* What the exercise asks *
Across the entries below, work out how many lines contain "object". Respond with the number and no other text.

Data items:
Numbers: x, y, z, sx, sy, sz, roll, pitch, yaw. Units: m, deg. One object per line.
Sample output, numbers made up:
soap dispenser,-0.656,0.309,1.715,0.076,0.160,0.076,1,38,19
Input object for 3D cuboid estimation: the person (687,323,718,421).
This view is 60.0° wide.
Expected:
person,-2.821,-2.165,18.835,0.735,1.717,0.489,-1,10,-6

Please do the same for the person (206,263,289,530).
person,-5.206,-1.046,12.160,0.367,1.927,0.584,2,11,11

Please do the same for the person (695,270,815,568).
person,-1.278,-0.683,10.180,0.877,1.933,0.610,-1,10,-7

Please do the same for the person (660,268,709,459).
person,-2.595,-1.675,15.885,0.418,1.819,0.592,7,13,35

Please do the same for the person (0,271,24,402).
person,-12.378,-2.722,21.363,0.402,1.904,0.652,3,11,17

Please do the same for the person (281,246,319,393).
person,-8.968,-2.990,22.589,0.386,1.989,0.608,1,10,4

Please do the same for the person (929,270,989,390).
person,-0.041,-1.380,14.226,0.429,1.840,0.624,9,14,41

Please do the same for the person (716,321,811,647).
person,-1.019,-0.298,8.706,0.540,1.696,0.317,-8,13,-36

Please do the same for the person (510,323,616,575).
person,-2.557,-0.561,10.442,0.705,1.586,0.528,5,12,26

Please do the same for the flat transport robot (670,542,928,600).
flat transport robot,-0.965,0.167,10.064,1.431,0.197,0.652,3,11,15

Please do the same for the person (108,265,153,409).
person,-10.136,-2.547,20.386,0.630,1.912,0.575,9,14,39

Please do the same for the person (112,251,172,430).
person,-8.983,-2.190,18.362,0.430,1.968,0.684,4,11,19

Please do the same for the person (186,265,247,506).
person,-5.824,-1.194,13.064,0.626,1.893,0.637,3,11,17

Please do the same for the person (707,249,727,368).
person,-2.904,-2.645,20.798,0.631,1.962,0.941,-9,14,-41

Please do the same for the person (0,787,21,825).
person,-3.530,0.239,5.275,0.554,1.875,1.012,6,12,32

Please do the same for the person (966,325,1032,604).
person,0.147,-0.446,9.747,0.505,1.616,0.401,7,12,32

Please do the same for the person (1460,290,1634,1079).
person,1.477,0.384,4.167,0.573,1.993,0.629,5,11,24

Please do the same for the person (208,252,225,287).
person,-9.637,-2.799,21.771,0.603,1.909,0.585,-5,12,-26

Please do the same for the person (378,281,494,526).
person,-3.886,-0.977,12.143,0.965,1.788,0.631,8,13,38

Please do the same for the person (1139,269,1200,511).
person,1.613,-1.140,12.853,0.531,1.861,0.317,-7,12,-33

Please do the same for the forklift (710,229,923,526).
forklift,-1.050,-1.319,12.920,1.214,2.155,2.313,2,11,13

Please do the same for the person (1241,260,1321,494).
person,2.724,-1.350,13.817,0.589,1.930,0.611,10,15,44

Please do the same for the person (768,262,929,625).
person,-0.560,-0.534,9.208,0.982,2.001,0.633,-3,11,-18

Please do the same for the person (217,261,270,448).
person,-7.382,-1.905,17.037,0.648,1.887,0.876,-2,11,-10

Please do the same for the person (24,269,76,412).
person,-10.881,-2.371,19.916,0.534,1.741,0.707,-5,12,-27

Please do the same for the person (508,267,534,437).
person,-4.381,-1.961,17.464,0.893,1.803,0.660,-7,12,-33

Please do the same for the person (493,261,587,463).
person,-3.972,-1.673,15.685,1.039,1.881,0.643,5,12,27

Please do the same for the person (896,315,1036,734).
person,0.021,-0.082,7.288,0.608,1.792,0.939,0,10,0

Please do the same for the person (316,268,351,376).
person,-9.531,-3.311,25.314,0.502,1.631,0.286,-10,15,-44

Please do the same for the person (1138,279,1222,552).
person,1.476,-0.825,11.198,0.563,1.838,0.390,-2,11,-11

...

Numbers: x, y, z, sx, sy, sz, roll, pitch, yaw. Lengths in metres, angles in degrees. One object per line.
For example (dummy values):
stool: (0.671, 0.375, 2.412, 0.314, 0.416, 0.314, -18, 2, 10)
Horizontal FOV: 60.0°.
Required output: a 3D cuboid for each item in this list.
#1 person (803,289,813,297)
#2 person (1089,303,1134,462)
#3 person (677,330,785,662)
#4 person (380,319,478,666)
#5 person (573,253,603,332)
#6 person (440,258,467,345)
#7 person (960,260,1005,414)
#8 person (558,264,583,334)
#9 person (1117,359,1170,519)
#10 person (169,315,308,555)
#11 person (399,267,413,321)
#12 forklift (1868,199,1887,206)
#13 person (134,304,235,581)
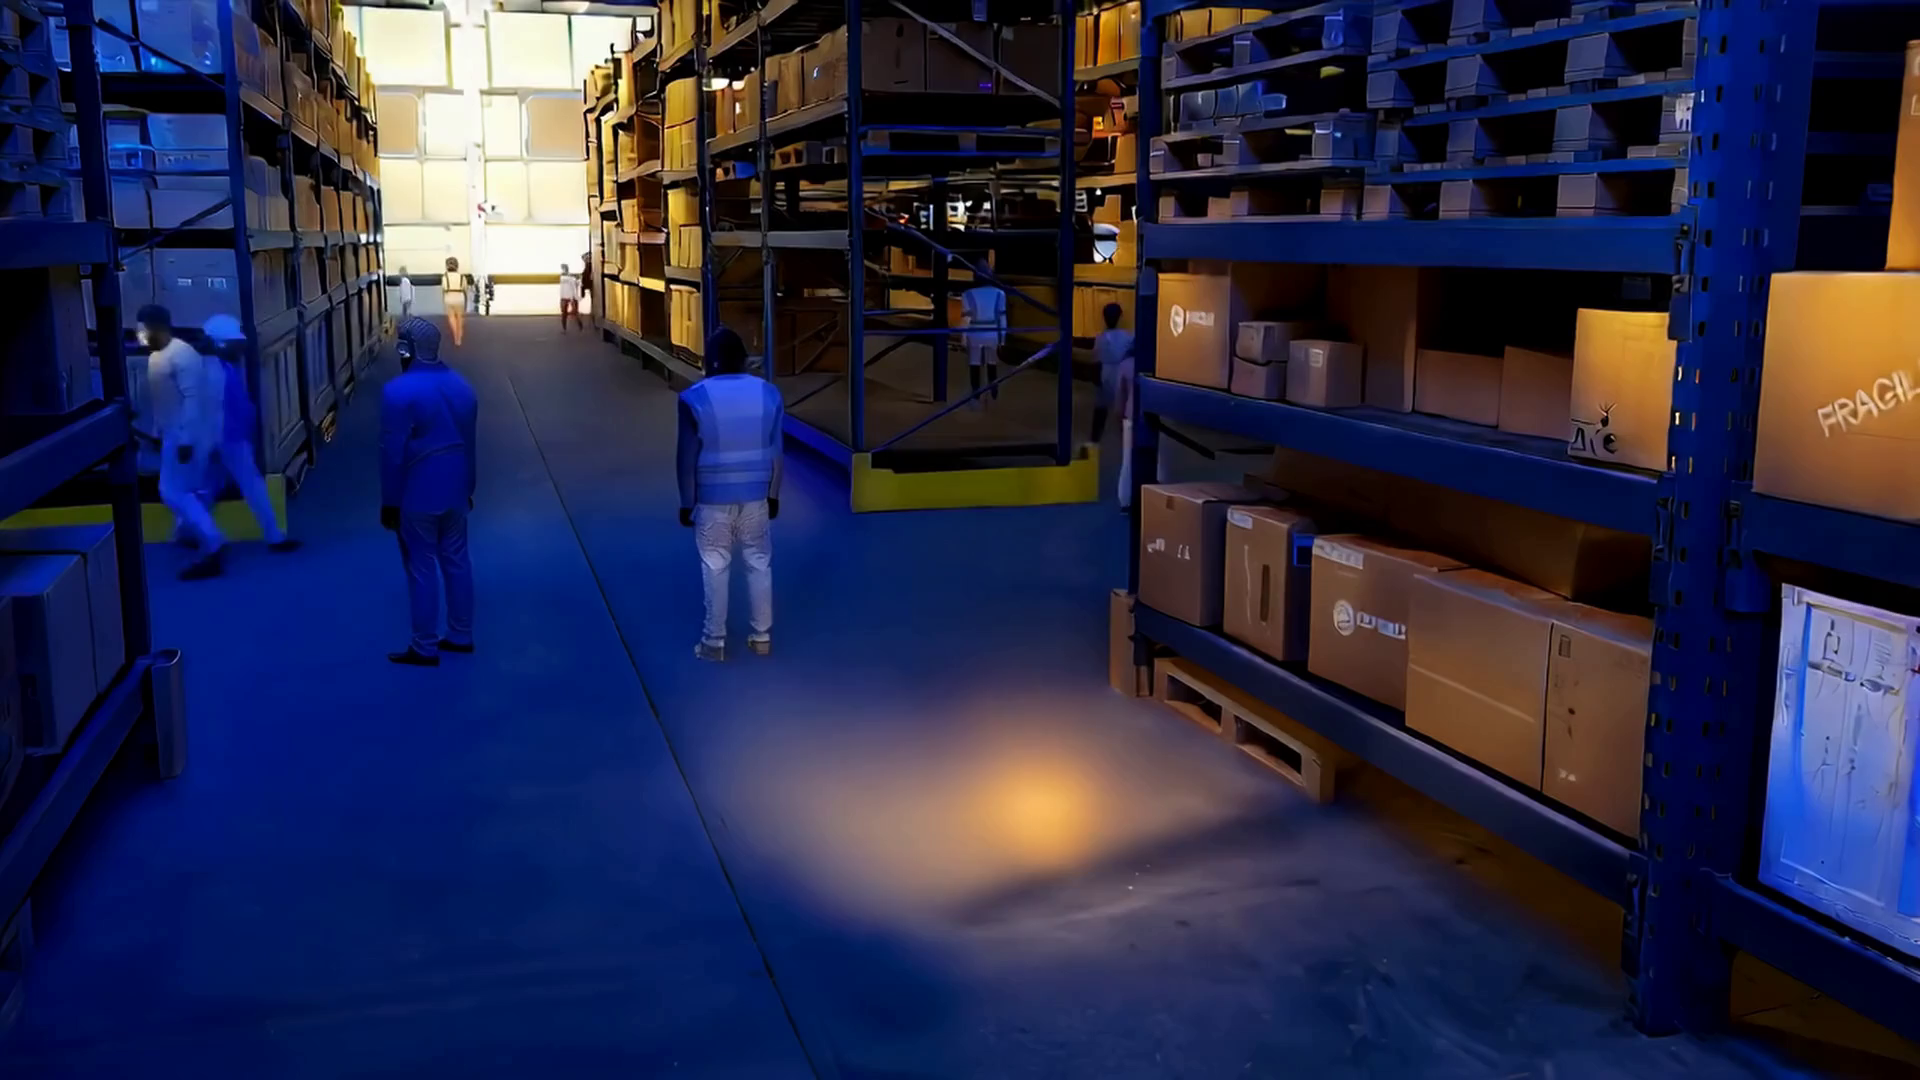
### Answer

* * *

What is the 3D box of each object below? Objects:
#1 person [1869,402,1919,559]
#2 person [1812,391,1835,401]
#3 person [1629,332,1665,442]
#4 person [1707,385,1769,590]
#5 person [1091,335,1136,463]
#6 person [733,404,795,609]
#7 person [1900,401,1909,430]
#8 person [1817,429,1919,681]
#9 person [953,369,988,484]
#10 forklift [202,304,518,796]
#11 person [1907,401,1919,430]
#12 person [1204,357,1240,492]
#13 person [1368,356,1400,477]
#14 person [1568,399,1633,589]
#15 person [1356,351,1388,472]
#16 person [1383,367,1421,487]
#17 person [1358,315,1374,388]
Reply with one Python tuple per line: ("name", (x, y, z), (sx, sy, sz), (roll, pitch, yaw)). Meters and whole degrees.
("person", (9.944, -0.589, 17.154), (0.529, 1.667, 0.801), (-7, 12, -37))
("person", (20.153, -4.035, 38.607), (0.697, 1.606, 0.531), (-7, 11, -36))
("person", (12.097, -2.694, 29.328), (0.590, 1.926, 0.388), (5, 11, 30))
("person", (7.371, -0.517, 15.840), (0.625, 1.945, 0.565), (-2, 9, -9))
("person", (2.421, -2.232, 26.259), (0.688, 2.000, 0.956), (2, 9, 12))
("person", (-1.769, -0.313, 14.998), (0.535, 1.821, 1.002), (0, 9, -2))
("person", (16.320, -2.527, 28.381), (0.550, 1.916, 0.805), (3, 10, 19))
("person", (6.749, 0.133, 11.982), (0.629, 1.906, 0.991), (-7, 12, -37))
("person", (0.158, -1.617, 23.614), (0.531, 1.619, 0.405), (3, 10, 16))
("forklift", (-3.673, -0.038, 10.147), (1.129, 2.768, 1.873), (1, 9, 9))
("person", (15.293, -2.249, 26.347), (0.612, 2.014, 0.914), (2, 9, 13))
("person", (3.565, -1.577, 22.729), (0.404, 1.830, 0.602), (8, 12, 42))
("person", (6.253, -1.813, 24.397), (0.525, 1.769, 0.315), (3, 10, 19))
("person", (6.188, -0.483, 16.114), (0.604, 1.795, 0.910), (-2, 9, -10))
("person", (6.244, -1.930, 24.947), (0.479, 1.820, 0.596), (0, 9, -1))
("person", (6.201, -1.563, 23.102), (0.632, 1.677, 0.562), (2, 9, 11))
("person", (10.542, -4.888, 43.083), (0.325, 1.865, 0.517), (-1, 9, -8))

* Task output *
4